ADVERTISEMENT

‘Pretty Damn Awful': Covid Long-Haulers Find Mental Care Elusive

Covid-19’s physical effects are challenging enough, but the virus also has taken a toll on the mental health of survivors.

‘Pretty Damn Awful': Covid Long-Haulers Find Mental Care Elusive
Covid long hauler William Davis on his front porch in Columbia, Tennessee. (Photographer: Brett Carlsen/Bloomberg)

William Davis knows how hard it is for his wife to hear he wanted to stick a shotgun in his mouth. Right now, he has no one else to tell.

“There’s days where you’ve got to tell somebody what’s going on in your head just to get it out of your head,” said the 50-year-old from Columbia, Tenn.

Davis was already prone to suicidal thoughts as someone with bipolar disorder.

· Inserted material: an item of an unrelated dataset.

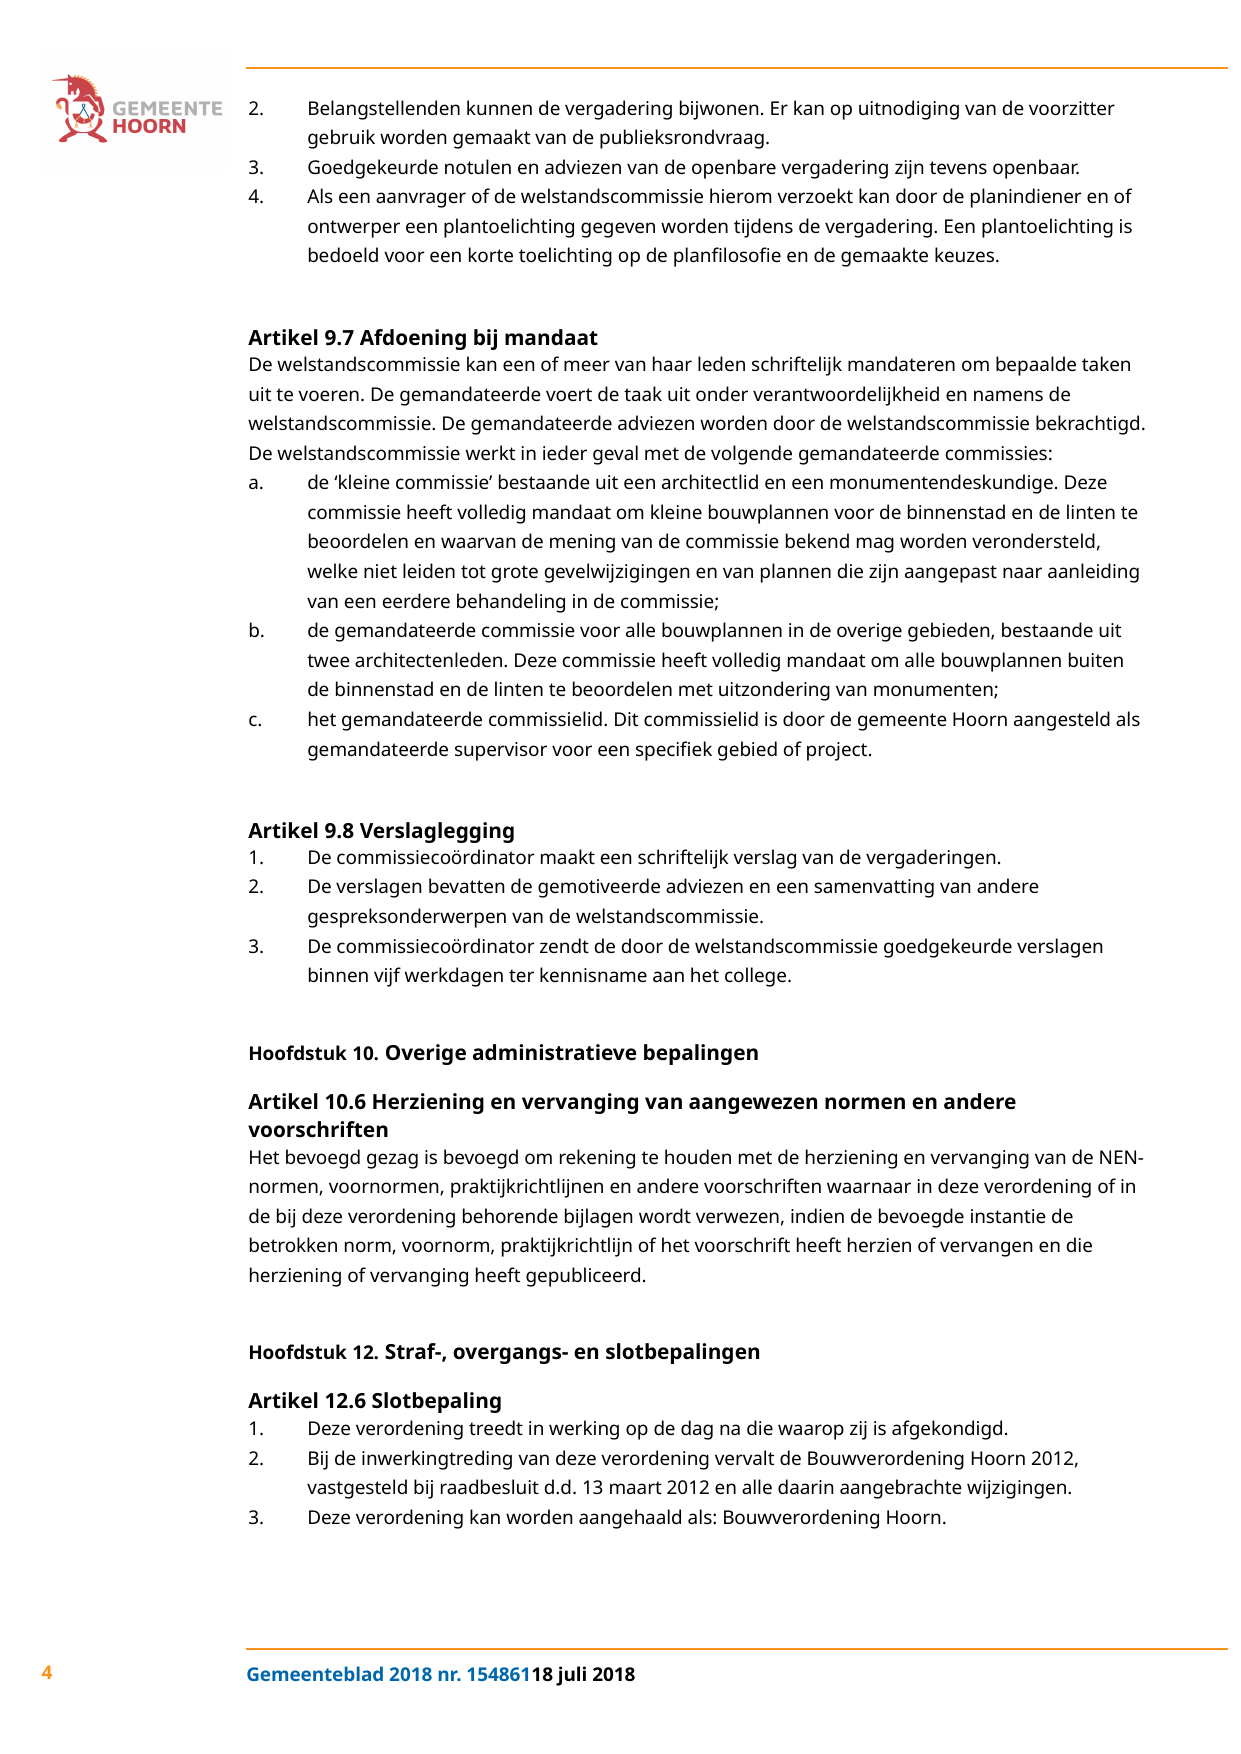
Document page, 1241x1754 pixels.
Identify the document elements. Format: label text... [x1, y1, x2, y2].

Then he got the coronavirus in April 2020. Lingering effects have left him with anxiety and a depression he calls “pretty damn awful.”

He used to rely on physical strength to do custom renovations on homes and restaurants. Simple tasks exhaust him now. He can no longer work full-time as a craftsman.

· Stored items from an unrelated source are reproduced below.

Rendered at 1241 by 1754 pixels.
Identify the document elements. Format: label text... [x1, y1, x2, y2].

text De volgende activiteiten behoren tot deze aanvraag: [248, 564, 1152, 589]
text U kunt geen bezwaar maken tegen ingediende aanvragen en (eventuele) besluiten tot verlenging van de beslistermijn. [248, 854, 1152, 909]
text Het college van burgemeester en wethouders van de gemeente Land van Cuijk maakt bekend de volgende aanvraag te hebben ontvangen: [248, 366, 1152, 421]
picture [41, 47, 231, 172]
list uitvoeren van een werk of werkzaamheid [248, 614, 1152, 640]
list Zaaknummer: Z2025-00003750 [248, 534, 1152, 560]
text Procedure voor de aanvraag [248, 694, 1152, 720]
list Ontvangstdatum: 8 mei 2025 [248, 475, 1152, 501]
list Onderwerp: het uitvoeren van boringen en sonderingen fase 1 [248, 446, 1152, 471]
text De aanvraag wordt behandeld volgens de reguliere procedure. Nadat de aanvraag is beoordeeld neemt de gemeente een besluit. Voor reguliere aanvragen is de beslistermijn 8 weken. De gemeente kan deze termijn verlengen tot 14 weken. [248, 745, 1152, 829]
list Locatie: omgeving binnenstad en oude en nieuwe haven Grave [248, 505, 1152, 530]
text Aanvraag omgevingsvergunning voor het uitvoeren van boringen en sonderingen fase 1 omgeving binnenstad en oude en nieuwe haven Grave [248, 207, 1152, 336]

“This isn’t just my livelihood,” he said. “It’s who I am.”

Dealing with Covid-19’s physical after-effects are challenging enough, but the virus is also taking a toll on the mental health of survivors with lingering symptoms, who call themselves long haulers. A research study reported in The Lancet Psychiatry journal found a third of Covid-19 survivors were diagnosed with a neurological or psychiatric condition in the six months after being infected; 17.4% had an anxiety disorder.

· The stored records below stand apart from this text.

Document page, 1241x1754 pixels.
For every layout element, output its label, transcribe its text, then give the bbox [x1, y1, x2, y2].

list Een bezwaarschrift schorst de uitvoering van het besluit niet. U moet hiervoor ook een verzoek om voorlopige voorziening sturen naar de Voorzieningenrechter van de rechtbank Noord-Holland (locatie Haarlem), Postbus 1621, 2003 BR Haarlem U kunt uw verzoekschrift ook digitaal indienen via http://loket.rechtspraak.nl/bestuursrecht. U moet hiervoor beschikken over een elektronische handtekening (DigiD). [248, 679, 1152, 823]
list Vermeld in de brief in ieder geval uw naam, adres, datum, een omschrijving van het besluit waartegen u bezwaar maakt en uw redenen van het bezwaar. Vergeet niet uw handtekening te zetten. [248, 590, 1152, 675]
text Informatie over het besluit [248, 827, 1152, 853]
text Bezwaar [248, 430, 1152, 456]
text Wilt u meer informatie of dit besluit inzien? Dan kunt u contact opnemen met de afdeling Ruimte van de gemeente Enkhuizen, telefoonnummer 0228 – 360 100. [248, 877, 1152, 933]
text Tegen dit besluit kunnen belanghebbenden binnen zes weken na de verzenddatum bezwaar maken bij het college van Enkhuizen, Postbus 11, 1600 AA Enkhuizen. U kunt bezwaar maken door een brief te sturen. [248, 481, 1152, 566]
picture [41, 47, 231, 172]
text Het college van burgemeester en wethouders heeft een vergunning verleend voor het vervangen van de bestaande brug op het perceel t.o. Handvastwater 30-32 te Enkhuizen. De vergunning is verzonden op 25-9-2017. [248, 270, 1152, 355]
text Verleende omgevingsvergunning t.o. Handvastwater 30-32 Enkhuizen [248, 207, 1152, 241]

Survivors with physical conditions like heart or lung problems are often able to find in-network specialists with minimum hassle, particularly if their primary care doctor is part of a large health network. Uninsured people can seek treatment for immediate health issues at community clinics or emergency rooms.

With mental health, however, it’s often a struggle to get help at all.

Even if survivors like Davis are able to push past the stigma that’s long caused people to shy away from mental health treatment, finding a provider that’s covered by insurance and still accepting new patients can seem insurmountable.

Health experts say it illustrates how the U.S. health-care system is ill-equipped to meet the growing demand for mental health treatment.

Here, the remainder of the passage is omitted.